[Date Prev][Date Next][Thread Prev][Thread Next][Date Index][Thread Index]

Clarification on Qn 1, Hw 1



At 01:47 PM 2/11/2001 -0700, you wrote:
>Hello,
>
>I have a question about the homework #1. In second question, part b)
>we are supposed to calculate similarity between query and each of the 3
>documents. My question is about the formula. This formula uses a value of M,
>which is the number of unique terms in C. How can I plug in the values, if M
>is not given? What would be M for query in the weight formula, if we treat
>query as a document?

You are right... We will have to make the (unreasonable) assumption that 
there are only two terms
"Information" and "retrieval". Notice that this assumption only changes the 
denominator of the weights corresponding to both information and retrieval. 
More precisely, even if we knew the statistics about all other keywords in 
the corpus and take them into account, we will change the weights of 
"Information" and "Retrieval" by the same factor (see below)
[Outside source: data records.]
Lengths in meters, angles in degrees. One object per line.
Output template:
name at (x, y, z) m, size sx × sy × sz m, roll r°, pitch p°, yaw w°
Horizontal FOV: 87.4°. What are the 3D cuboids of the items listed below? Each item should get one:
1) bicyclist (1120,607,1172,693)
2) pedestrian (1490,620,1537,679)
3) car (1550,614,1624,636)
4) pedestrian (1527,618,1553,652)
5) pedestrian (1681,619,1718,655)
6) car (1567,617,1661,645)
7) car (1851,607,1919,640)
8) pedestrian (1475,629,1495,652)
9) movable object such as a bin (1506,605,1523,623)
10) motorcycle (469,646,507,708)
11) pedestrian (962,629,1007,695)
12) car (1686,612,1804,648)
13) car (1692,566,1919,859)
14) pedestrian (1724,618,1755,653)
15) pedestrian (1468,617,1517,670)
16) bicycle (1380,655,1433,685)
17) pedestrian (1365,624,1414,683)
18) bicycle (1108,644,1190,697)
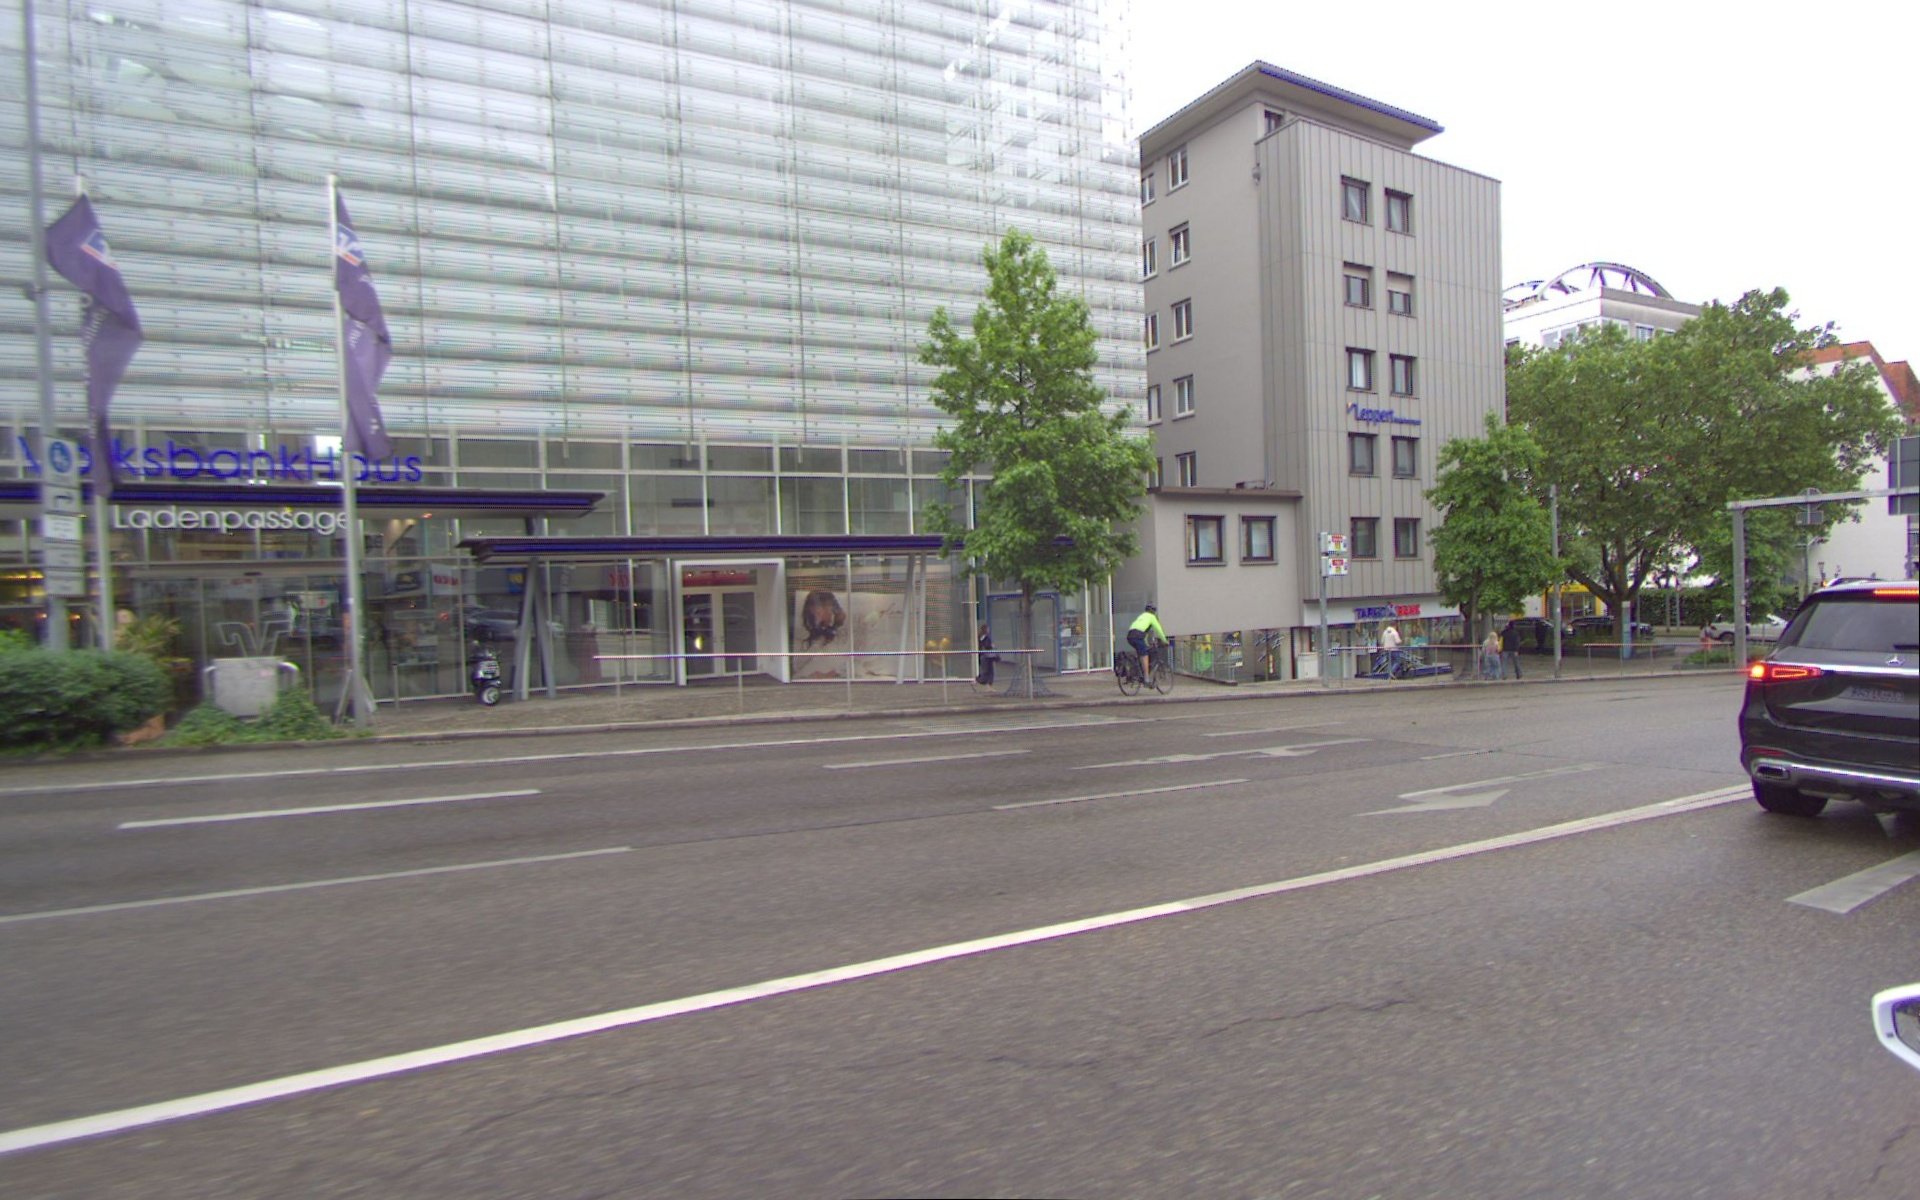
bicyclist at (4.098, 1.093, 22.136) m, size 0.983 × 1.854 × 0.663 m, roll 2°, pitch -3°, yaw -41°
pedestrian at (16.556, 1.467, 30.053) m, size 1.302 × 1.735 × 0.809 m, roll 1°, pitch -2°, yaw -40°
car at (38.597, 1.543, 61.892) m, size 1.628 × 1.305 × 3.644 m, roll 1°, pitch -1°, yaw -45°
pedestrian at (30.835, 1.861, 53.423) m, size 0.937 × 1.745 × 0.756 m, roll 0°, pitch -1°, yaw -20°
pedestrian at (36.530, 1.822, 49.621) m, size 0.997 × 1.745 × 0.950 m, roll -2°, pitch -1°, yaw -11°
car at (40.981, 1.914, 63.016) m, size 1.987 × 1.612 × 4.651 m, roll 1°, pitch -1°, yaw -45°
car at (50.906, 1.270, 53.835) m, size 4.631 × 1.665 × 1.777 m, roll 2°, pitch 0°, yaw 43°
pedestrian at (29.913, 2.302, 57.240) m, size 0.935 × 1.289 × 0.758 m, roll -1°, pitch -1°, yaw 31°
movable object such as a bin at (46.420, 1.161, 84.138) m, size 0.594 × 1.465 × 1.107 m, roll 0°, pitch -2°, yaw -29°
motorcycle at (-10.707, 1.725, 22.773) m, size 0.759 × 1.312 × 1.542 m, roll 0°, pitch -1°, yaw -26°
pedestrian at (0.558, 1.417, 23.239) m, size 0.833 × 1.476 × 0.650 m, roll 0°, pitch -1°, yaw -26°
car at (43.931, 1.662, 56.282) m, size 1.987 × 1.782 × 5.020 m, roll 1°, pitch 0°, yaw -45°
car at (7.930, 0.726, 7.764) m, size 4.740 × 1.841 × 2.075 m, roll 1°, pitch 1°, yaw -33°
pedestrian at (39.176, 1.780, 50.474) m, size 0.749 × 1.745 × 0.946 m, roll 0°, pitch -1°, yaw -24°
pedestrian at (17.690, 1.437, 33.385) m, size 1.075 × 1.745 × 0.970 m, roll 0°, pitch -1°, yaw -26°
bicycle at (17.450, 2.719, 39.222) m, size 2.643 × 1.101 × 0.608 m, roll 1°, pitch -1°, yaw -34°
pedestrian at (13.110, 1.608, 30.674) m, size 1.028 × 1.745 × 0.986 m, roll 0°, pitch -2°, yaw -36°
bicycle at (4.205, 1.537, 22.212) m, size 2.055 × 1.114 × 0.672 m, roll 2°, pitch -2°, yaw -42°

>What confuses me even more, is that k is used as a variable in calculating the
>sum in weights formula. That is we would have to know the frequency of all
>terms in C that are in document D (or in query).

For the query, we have already said that it contains only the keywords 
information and retrieval. Since the similarity is being computed between 
the query and each of the documents, the only part of the dot product with 
non-zero coefficients will be those corresponding to "information" and 
"retrieval" (even if other keywords are present in each of the documents, 
they are not present in the query!).

>My last question is about the sum used in the weight formula. Does the sum
>extend also over (log(N/n(k)))^2?


yes


>thank you,
>Monika


Rao